'And this is my prayer: that your love may abound more and more with knowledge and discernment, so that you may approve what is excellent, and so be pure and blameless until the day of Christ.' -- Philippians 1:9-10
Do we always 'approve what is excellent'? Obviously not, but do we realize that our approval of the good is an enemy of the excellent, that approval of the mediocre and the bad maligns Christ and his gospel?
Here Paul writes from a Roman prison to the church at Philippi, which he had not visited in ten years. But he had learned of their situation: internal strife, legalism, careless living. And 1:3-11 he tells them three things: 1) the fact of his prayer; 2) the reason for his prayer; 3) the content of his prayer.

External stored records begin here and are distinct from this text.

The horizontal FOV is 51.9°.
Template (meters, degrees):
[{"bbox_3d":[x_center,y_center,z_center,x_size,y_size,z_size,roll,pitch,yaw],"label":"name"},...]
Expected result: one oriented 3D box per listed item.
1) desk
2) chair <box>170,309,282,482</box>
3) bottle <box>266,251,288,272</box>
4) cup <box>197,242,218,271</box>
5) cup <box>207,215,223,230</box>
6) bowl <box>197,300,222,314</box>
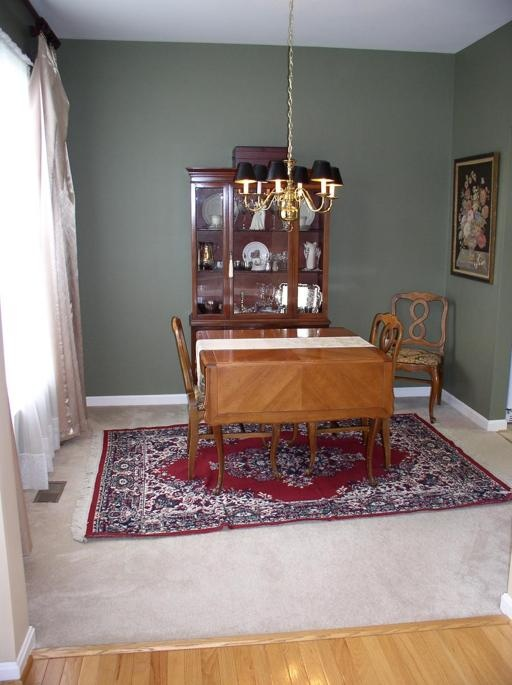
[{"bbox_3d":[0.139,0.224,3.257,0.882,0.649,0.964,-2,16,-7],"label":"desk"},{"bbox_3d":[-0.174,0.339,3.236,0.708,1.204,0.675,-2,20,-4],"label":"chair"},{"bbox_3d":[0.164,-0.664,4.232,0.146,0.150,0.052,-1,8,-4],"label":"bottle"},{"bbox_3d":[-0.396,-0.689,4.164,0.181,0.285,0.188,1,7,0],"label":"cup"},{"bbox_3d":[-0.309,-0.936,4.087,0.097,0.101,0.101,0,13,0],"label":"cup"},{"bbox_3d":[-0.375,-0.283,4.213,0.113,0.095,0.129,0,3,-3],"label":"bowl"}]

He describes their 'partnership in the gospel' and that they were 'partakers of grace' both in his imprisonment and the defense and confirmation of the gospel. Simply because they had been saved in Christ, they demonstrated the gospel, and their lives served to confirm (or deny) it. So he prays that their love would abound, with knowledge and discernment. But this was not the result he sought. Discerning love was to produce the ability to 'approve what is excellent.' In the midst of their trials, sufferings and difficulties they were nevertheless to approve the things that are excellent. Why? Simply to be good choosers? No, but so that they would be pure and blameless before Christ.
When we claim salvation in Christ, we become partners with every other believer in the gospel and in grace. Your friends are now mine; your enemies are now mine; your cause is now mine. Your success and your failure: now all mine. And, mine is yours. How we live -- approving the excellent or the not-so-excellent -- reflects on each other, on the gospel, and on Christ.
Paul's example is to pray, with rejoicing, that our fellow believers would 'approve what is excellent,' whether in our personal lives, work, family, or especially church.